Творившееся вокруг благодушия не добавляло. Напряжение висело в воздухе, дрожало нервным маревом. На широкой Каланчёвской улице толпились сотни авто. Подвывали движками, сигналили, иногда дёргались на месте, как паралитики. Медицинских и полицейских кордонов хватало. Они были выставлены таким образом, что перекрывали движение и по тротуарам, и по проезжей части, — потому пешеходы, в попытке их обогнуть, лавировали среди авто, а автомобилисты нахраписто и отчаянно направляли своих железных коней на тротуары.

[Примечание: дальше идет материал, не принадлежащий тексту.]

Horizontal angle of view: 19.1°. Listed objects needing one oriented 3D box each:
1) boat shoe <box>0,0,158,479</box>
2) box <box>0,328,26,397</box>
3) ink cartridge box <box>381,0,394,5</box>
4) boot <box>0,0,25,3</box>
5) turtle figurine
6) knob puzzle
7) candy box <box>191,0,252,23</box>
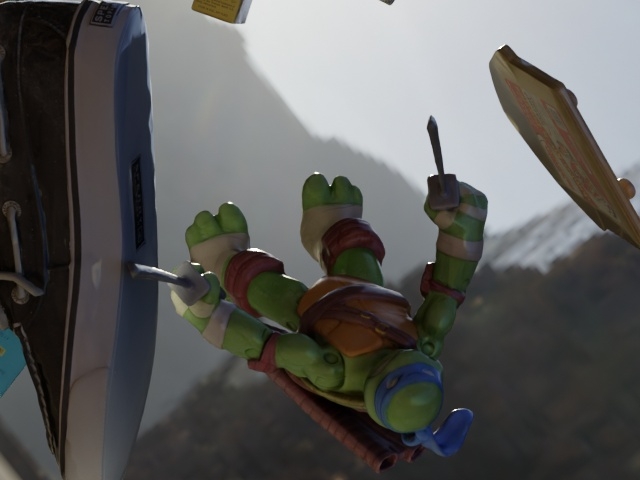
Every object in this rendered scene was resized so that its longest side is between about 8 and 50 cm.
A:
[{"bbox_3d":[-0.162,0.007,1.154,0.113,0.105,0.306,-60,152,-68],"label":"boat shoe"},{"bbox_3d":[-0.369,0.160,1.691,0.100,0.244,0.060,41,-12,-23],"label":"box"},{"bbox_3d":[-0.005,-0.299,1.579,0.154,0.093,0.212,30,-4,22],"label":"ink cartridge box"},{"bbox_3d":[-0.293,-0.243,1.596,0.262,0.095,0.203,35,26,25],"label":"boot"},{"bbox_3d":[0.000,0.000,1.273,0.274,0.198,0.266,43,-1,-26],"label":"turtle figurine"},{"bbox_3d":[0.201,-0.089,1.576,0.213,0.030,0.213,53,-4,6],"label":"knob puzzle"},{"bbox_3d":[-0.081,-0.328,2.042,0.053,0.187,0.109,20,7,2],"label":"candy box"}]
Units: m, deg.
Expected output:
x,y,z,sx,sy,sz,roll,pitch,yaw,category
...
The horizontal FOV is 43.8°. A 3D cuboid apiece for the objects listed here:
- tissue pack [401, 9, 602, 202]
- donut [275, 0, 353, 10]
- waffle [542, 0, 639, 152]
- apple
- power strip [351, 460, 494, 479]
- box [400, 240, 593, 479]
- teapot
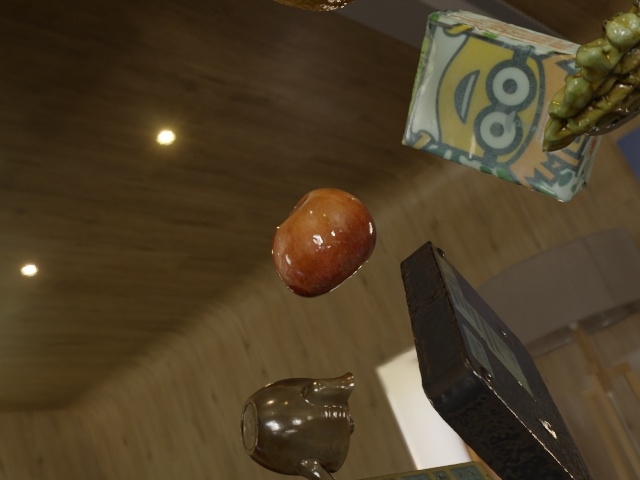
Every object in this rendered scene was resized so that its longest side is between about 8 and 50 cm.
x,y,z,sx,sy,sz,roll,pitch,yaw,category
0.307,-0.225,1.295,0.128,0.311,0.228,-27,-46,-50,tissue pack
-0.014,-0.410,1.018,0.253,0.253,0.118,-18,-7,-15,donut
0.338,-0.186,0.841,0.223,0.054,0.204,-29,-27,-15,waffle
0.000,0.000,1.418,0.201,0.162,0.201,-39,1,1,apple
0.115,0.421,1.286,0.388,0.092,0.066,-4,-61,-22,power strip
0.180,0.136,0.857,0.058,0.211,0.350,-41,14,13,box
-0.005,0.139,0.541,0.080,0.110,0.085,5,-50,-23,teapot
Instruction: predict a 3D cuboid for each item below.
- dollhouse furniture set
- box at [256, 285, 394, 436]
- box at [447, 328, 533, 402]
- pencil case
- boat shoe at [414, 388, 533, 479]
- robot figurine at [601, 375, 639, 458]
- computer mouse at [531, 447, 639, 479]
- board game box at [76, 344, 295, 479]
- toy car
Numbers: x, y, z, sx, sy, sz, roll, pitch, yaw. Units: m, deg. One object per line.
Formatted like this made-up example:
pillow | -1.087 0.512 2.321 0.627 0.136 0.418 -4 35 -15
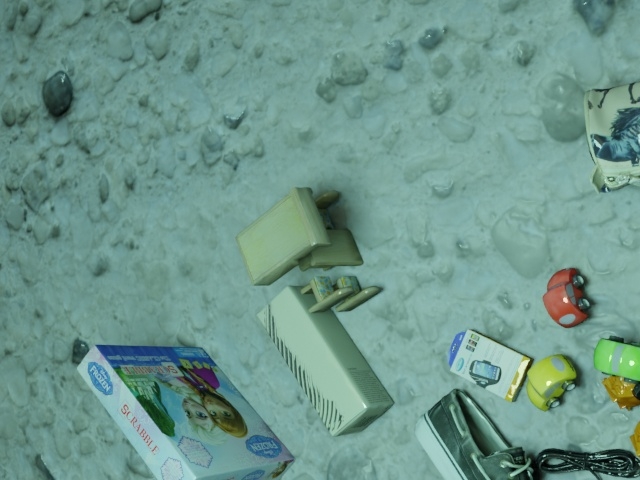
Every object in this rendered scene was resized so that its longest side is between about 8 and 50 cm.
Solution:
dollhouse furniture set | 0.000 0.000 1.549 0.161 0.242 0.212 -36 66 35
box | 0.007 0.216 1.598 0.094 0.113 0.275 -44 63 19
box | 0.284 0.209 1.488 0.136 0.028 0.081 26 96 32
pencil case | 0.600 -0.165 1.278 0.410 0.160 0.183 -5 64 29
boat shoe | 0.277 0.372 1.390 0.335 0.121 0.119 47 114 37
robot figurine | 0.570 0.197 1.272 0.291 0.085 0.211 -35 39 21
computer mouse | 0.402 0.454 1.368 0.184 0.060 0.262 1 83 29
board game box | -0.239 0.322 1.604 0.318 0.319 0.066 45 105 26
toy car | 0.411 0.166 1.353 0.225 0.053 0.239 12 90 59
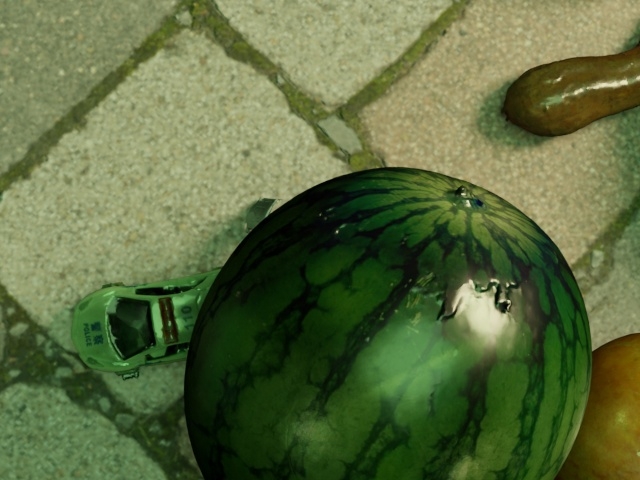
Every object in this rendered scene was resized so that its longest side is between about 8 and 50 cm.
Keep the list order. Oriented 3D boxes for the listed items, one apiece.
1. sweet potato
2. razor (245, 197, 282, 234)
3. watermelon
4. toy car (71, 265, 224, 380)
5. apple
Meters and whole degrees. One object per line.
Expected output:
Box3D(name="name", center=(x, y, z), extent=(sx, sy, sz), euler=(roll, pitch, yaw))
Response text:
Box3D(name="sweet potato", center=(0.284, -0.163, 1.415), extent=(0.233, 0.062, 0.081), euler=(-27, 88, -10))
Box3D(name="razor", center=(0.000, 0.000, 1.384), extent=(0.135, 0.068, 0.040), euler=(23, 87, -16))
Box3D(name="watermelon", center=(0.055, 0.110, 1.230), extent=(0.363, 0.363, 0.363), euler=(0, 87, -6))
Box3D(name="toy car", center=(-0.138, 0.077, 1.356), extent=(0.186, 0.058, 0.093), euler=(-9, 88, -8))
Box3D(name="apple", center=(0.304, 0.195, 1.324), extent=(0.237, 0.207, 0.237), euler=(-4, 108, -11))
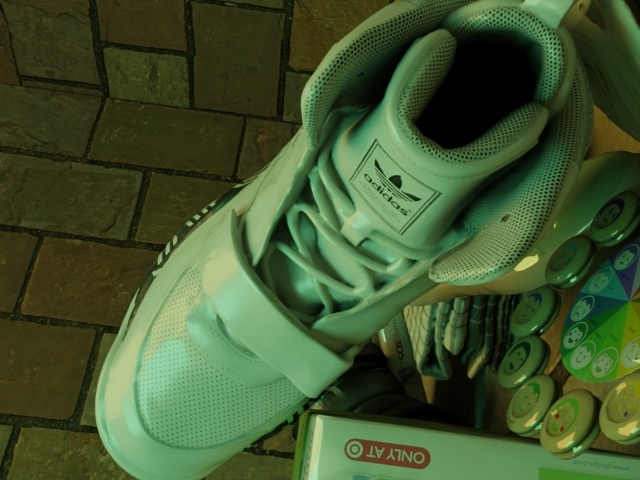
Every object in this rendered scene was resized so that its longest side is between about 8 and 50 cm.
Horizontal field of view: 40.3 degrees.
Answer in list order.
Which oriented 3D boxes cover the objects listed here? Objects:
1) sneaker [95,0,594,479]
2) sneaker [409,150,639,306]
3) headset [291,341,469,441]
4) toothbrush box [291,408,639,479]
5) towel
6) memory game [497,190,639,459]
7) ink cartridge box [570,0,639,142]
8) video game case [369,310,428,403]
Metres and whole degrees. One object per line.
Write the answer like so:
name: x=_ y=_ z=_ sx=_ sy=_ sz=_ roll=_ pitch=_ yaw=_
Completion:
sneaker: x=0.000 y=0.000 z=0.464 sx=0.366 sy=0.137 sz=0.210 roll=-46 pitch=0 yaw=1
sneaker: x=0.101 y=-0.040 z=0.627 sx=0.256 sy=0.151 sz=0.094 roll=-24 pitch=19 yaw=53
headset: x=0.025 y=0.194 z=0.844 sx=0.243 sy=0.185 sz=0.394 roll=38 pitch=142 yaw=53
toothbrush box: x=0.083 y=0.185 z=0.589 sx=0.283 sy=0.206 sz=0.122 roll=103 pitch=174 yaw=-81
towel: x=0.147 y=-0.033 z=0.855 sx=0.235 sy=0.121 sz=0.284 roll=-99 pitch=9 yaw=-55
memory game: x=0.159 y=0.031 z=0.459 sx=0.186 sy=0.012 sz=0.186 roll=-49 pitch=14 yaw=17
ink cartridge box: x=0.116 y=-0.232 z=0.530 sx=0.308 sy=0.091 sz=0.385 roll=49 pitch=-170 yaw=-25
video game case: x=0.098 y=0.230 z=1.084 sx=0.329 sy=0.036 sz=0.300 roll=105 pitch=151 yaw=-80

Вероятно, до вспышки массового недовольства оставалось рукой подать. Если бы номинально перекрытое движение было перекрыто и официально, — со всеми атрибутами запрета, наподобие дорожных заграждений и знаков «Стоп», — стычки официалов с горожанами начались бы незамедлительно. Однако кордоны, серьёзно мешая движению на улице, не запрещали это движение по существу. Сменилась и тактика обращения медиков с прохожими. Последним не пытались больше измерять температуру или проверять зрачки. Никого не отводили в сторону, не задерживали. Всё, что делали медики, — вручали марлевые повязки тем, кто их ещё не имел. Павла и его спутников одарил хмурый небритый мужичок с красными от недосыпа глазами. Не проронил ни слова, не поднял взгляда. Павел не понимал, зачем выводят на улицы солдат, полицейских, а главное, врачей. Если сделать ничего не возможно. Если распространение эпидемии — не предотвратить.